It's finally happening..

Star*

call 911........call 911
And such is our life - My son has forced me to live in a closet, and become a social mime with a perma-marker smile. When i show the rest of the world how bad it hurts and what I'm going through - I AM judged, when I open up to my fiance and show him how badly it hurts - he opens up and says It hurts me too. That's one no show, one me too but when I come here?
I can just be me.

Somedays I feel like I AM Sarah Connor -except my kid is the terminator! - Know what I mean??
 

KTMom91

Well-Known Member
I suspect we all DO have the "fine, fine" smile...though I'm a bit late, I understand what both Mikey and Star are saying about the parental conflict. Hubby has tried to be a real father to Miss KT, and all he gets is abuse and full-blown hatred, and has for almost our entire marriage. It makes a difficult situation so much harder when you feel torn.

Hugs to you, Mikey.
 
Mikey,

You and the whole Mikey family have been in my thoughts and prayers daily. I know that this was very hard for you and a long time coming. Keep us updated.
 

KFld

New Member
Hi Mikey,
Just thought I would check in and see what is going on around here and I'm glad I did.

The thing I want to respond to the most here, besides the fact that you are doing GREAT!!! Is that you are doing everything right now!! You cannot control what mcweedy does, nor can you control what wife chooses to do in this mess. You can only choose what you will do. You are the only one you have control over and it sounds like you are at the point that you are no longer going to let their choices destroy you. I learned this very important lesson during my private counseling and I use it today for many things, that the only person I have control over is ME!!!!

Another thing I want to respond to is your wife not participating in any of the counseling sessions that the rehabs have to offer. That is a huge mistake on her part and when your son sees the light and begins to turn his life around he will see that the way you are handling this now is what has helped him the most. My s2bx critisized and left everything to me when my son was useing. I enabled in the beginning and during sessions that I attended while he was in rehab he was the one who stood up and told people that I enabled him and protected him for quite a while and it was the worst thing I could have done, but once I stopped doing that it was what helped him the most. He knows now that he is 1 1/2 years clean that my attending n/a and going to counseling and learning how to not enable him is how I really really helped him to help himself. He would be the first one to admit to people that if I continued to enable, he would probably still be useing today.

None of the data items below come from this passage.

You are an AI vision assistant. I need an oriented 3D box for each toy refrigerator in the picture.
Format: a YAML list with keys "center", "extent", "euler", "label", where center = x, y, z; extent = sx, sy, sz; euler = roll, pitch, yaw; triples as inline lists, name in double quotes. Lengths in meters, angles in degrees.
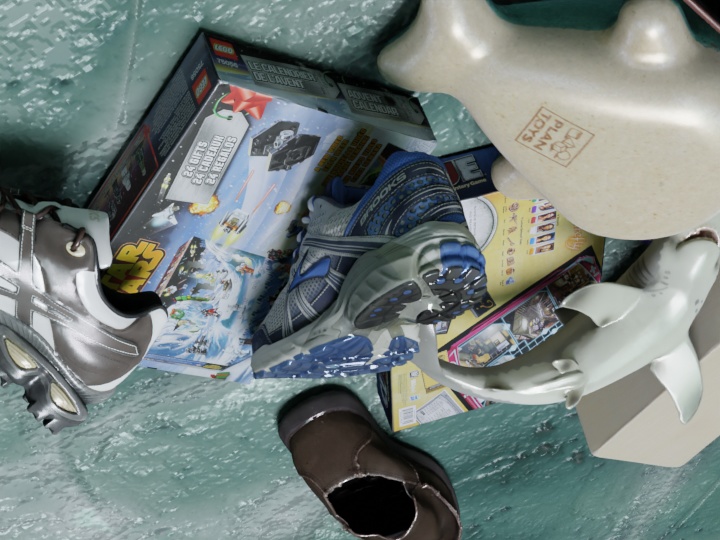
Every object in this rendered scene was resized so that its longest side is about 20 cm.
- center: [0.213, 0.032, 1.030]
  extent: [0.076, 0.070, 0.200]
  euler: [10, 138, -32]
  label: "toy refrigerator"

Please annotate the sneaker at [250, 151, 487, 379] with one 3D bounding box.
- center: [0.000, 0.000, 0.894]
  extent: [0.077, 0.086, 0.200]
  euler: [2, 159, -30]
  label: "sneaker"

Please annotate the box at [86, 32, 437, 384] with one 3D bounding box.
- center: [-0.070, -0.025, 0.920]
  extent: [0.136, 0.040, 0.200]
  euler: [12, 131, -36]
  label: "box"

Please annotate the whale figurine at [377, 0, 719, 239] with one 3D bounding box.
- center: [0.112, -0.100, 0.890]
  extent: [0.199, 0.104, 0.159]
  euler: [22, 141, -12]
  label: "whale figurine"

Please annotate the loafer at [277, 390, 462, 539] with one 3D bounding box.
- center: [0.010, 0.153, 1.140]
  extent: [0.073, 0.071, 0.200]
  euler: [-32, 141, 13]
  label: "loafer"

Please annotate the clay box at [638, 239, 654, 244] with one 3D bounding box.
- center: [0.247, -0.088, 0.987]
  extent: [0.114, 0.048, 0.200]
  euler: [11, 133, -35]
  label: "clay box"

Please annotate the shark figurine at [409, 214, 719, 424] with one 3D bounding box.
- center: [0.108, 0.035, 0.988]
  extent: [0.213, 0.090, 0.129]
  euler: [-19, 114, -9]
  label: "shark figurine"

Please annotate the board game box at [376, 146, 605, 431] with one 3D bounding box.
- center: [0.075, 0.009, 1.031]
  extent: [0.135, 0.035, 0.201]
  euler: [-14, 141, -9]
  label: "board game box"

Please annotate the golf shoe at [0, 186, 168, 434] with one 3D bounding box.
- center: [-0.174, -0.017, 0.845]
  extent: [0.094, 0.078, 0.200]
  euler: [-38, 123, 2]
  label: "golf shoe"

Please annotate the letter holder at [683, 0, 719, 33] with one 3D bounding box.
- center: [0.196, -0.143, 0.786]
  extent: [0.200, 0.143, 0.100]
  euler: [34, 119, -30]
  label: "letter holder"

I know what you are doing now sometimes feels that you are turning your back on him, but it is your wife that is turning her back on him in the end. I have a ton of resentment towards my s2bx in how he handled a lot of our sons addiction, but I also feel really good about how I handled it because my clean and sober son tells me how good I handled it.

Keep doing what you are doing. I know the thing between you and wife really stinks right now, but I hate to say it, if she doesn't attend everything the rehab has to offer the FAMILY when and if he goes, then the two of you will never be on the same page.

I'll try to stop in more often and see how things are unfolding.
 

janebrain

New Member
Hey Karen,
so glad to see you here again and glad things are going so well for you and your son! I have to agree with you about Mikey's wife--just the fact that she refused to do any family counseling was really surprising to me. And I remember from my difficult child 1's rehabs that they emphasized that addiction is something that has to be dealt with and understood by the whole family.

Mikey, your wife sounds like a major difficult child to me in her own right. I think you are doing fabulously!

Jane
 

DDD

Well-Known Member
Sounds like you have found your comfort level..albeit there is NO comfort in substance abuse issues, I know. It would be wonderful in your life partner was at the same point (no matter what point that might be) but evidently it isn't going to happen anytime soon.

The five of you do remain in my thoughts and prayers as each of you are suffering..yep, even Sarge. Hugs. DDD
 
I understand. It sounds all too familiar. My son is 24 and has done about the same thing. It caused a lot of tension between my husband and I but lately my hubby has been the one with more patience. My son was in jail for 6 months on a contributing to the deliquency of a minor charge - we bonded him out expecting him to be ready for rehab = we had a rehab bed waiting for him = we had a guy from a church talk to him through his stay in jail - we bonded him out and took him to the Christian place and he lasted 3 days - he left and caught a bus home - the bondsman, ministry man and we read him the right act - he is on probation also - he stills smokes pot, drinks and has anxiety medications he got from the doctor - he has a full time job but has missed two days of work because he is at a friends house and they have everything he wants - we could revoke his bond and send him back to jail - it is so hard but when do they ever get it?